Problem statement:
Write the entries out exactly. Any images they hold stay out of the copy.

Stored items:
"""

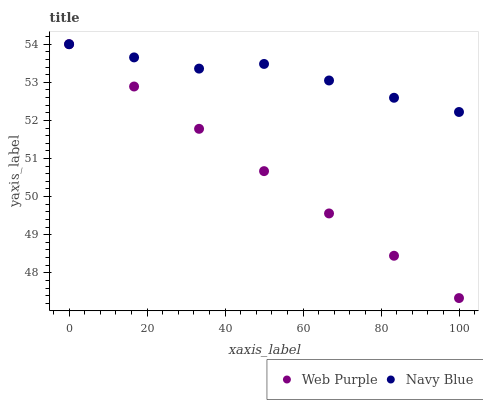Does Web Purple have the minimum area under the curve?
Answer yes or no. Yes. Does Navy Blue have the maximum area under the curve?
Answer yes or no. Yes. Does Web Purple have the maximum area under the curve?
Answer yes or no. No. Is Web Purple the smoothest?
Answer yes or no. Yes. Is Navy Blue the roughest?
Answer yes or no. Yes. Is Web Purple the roughest?
Answer yes or no. No. Does Web Purple have the lowest value?
Answer yes or no. Yes. Does Web Purple have the highest value?
Answer yes or no. Yes. Does Navy Blue intersect Web Purple?
Answer yes or no. Yes. Is Navy Blue less than Web Purple?
Answer yes or no. No. Is Navy Blue greater than Web Purple?
Answer yes or no. No. 
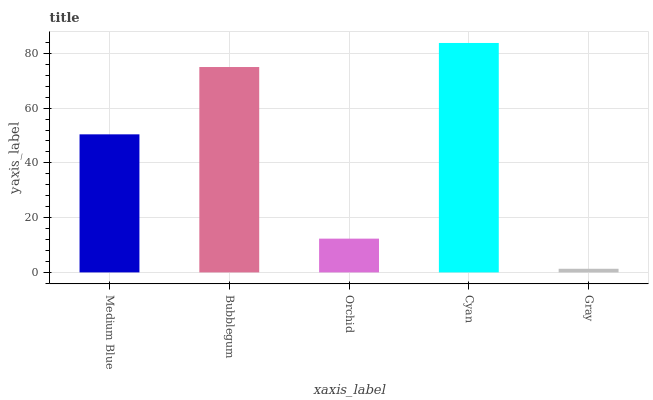Is Gray the minimum?
Answer yes or no. Yes. Is Cyan the maximum?
Answer yes or no. Yes. Is Bubblegum the minimum?
Answer yes or no. No. Is Bubblegum the maximum?
Answer yes or no. No. Is Bubblegum greater than Medium Blue?
Answer yes or no. Yes. Is Medium Blue less than Bubblegum?
Answer yes or no. Yes. Is Medium Blue greater than Bubblegum?
Answer yes or no. No. Is Bubblegum less than Medium Blue?
Answer yes or no. No. Is Medium Blue the high median?
Answer yes or no. Yes. Is Medium Blue the low median?
Answer yes or no. Yes. Is Bubblegum the high median?
Answer yes or no. No. Is Orchid the low median?
Answer yes or no. No. 
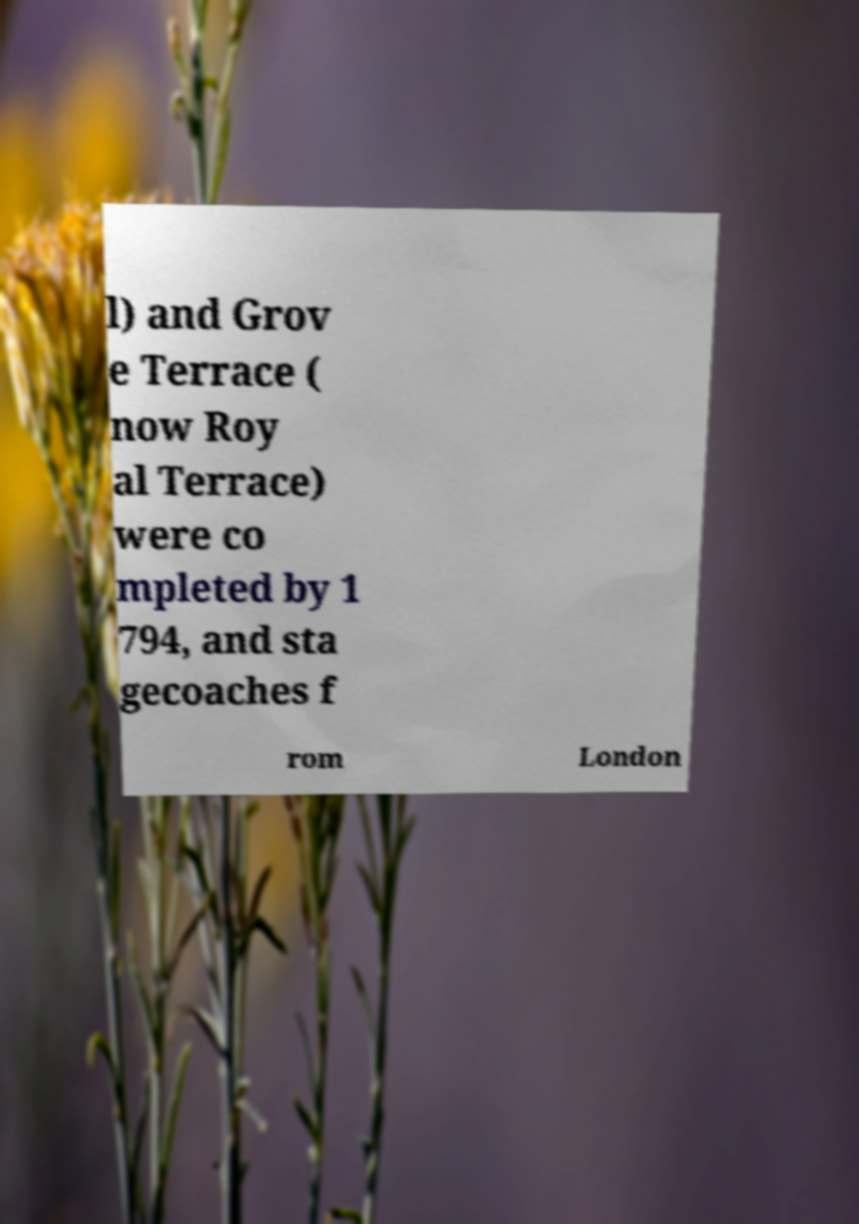Could you extract and type out the text from this image? l) and Grov e Terrace ( now Roy al Terrace) were co mpleted by 1 794, and sta gecoaches f rom London

"""

Solution to the problem:
Does Web Purple have the minimum area under the curve?
Answer yes or no. Yes. Does Navy Blue have the maximum area under the curve?
Answer yes or no. Yes. Does Web Purple have the maximum area under the curve?
Answer yes or no. No. Is Web Purple the smoothest?
Answer yes or no. Yes. Is Navy Blue the roughest?
Answer yes or no. Yes. Is Web Purple the roughest?
Answer yes or no. No. Does Web Purple have the lowest value?
Answer yes or no. Yes. Does Web Purple have the highest value?
Answer yes or no. Yes. Does Navy Blue intersect Web Purple?
Answer yes or no. Yes. Is Navy Blue less than Web Purple?
Answer yes or no. No. Is Navy Blue greater than Web Purple?
Answer yes or no. No. 
Is Gray the minimum?
Answer yes or no. Yes. Is Cyan the maximum?
Answer yes or no. Yes. Is Bubblegum the minimum?
Answer yes or no. No. Is Bubblegum the maximum?
Answer yes or no. No. Is Bubblegum greater than Medium Blue?
Answer yes or no. Yes. Is Medium Blue less than Bubblegum?
Answer yes or no. Yes. Is Medium Blue greater than Bubblegum?
Answer yes or no. No. Is Bubblegum less than Medium Blue?
Answer yes or no. No. Is Medium Blue the high median?
Answer yes or no. Yes. Is Medium Blue the low median?
Answer yes or no. Yes. Is Bubblegum the high median?
Answer yes or no. No. Is Orchid the low median?
Answer yes or no. No. 
Could you extract and type out the text from this image? l) and Grov e Terrace ( now Roy al Terrace) were co mpleted by 1 794, and sta gecoaches f rom London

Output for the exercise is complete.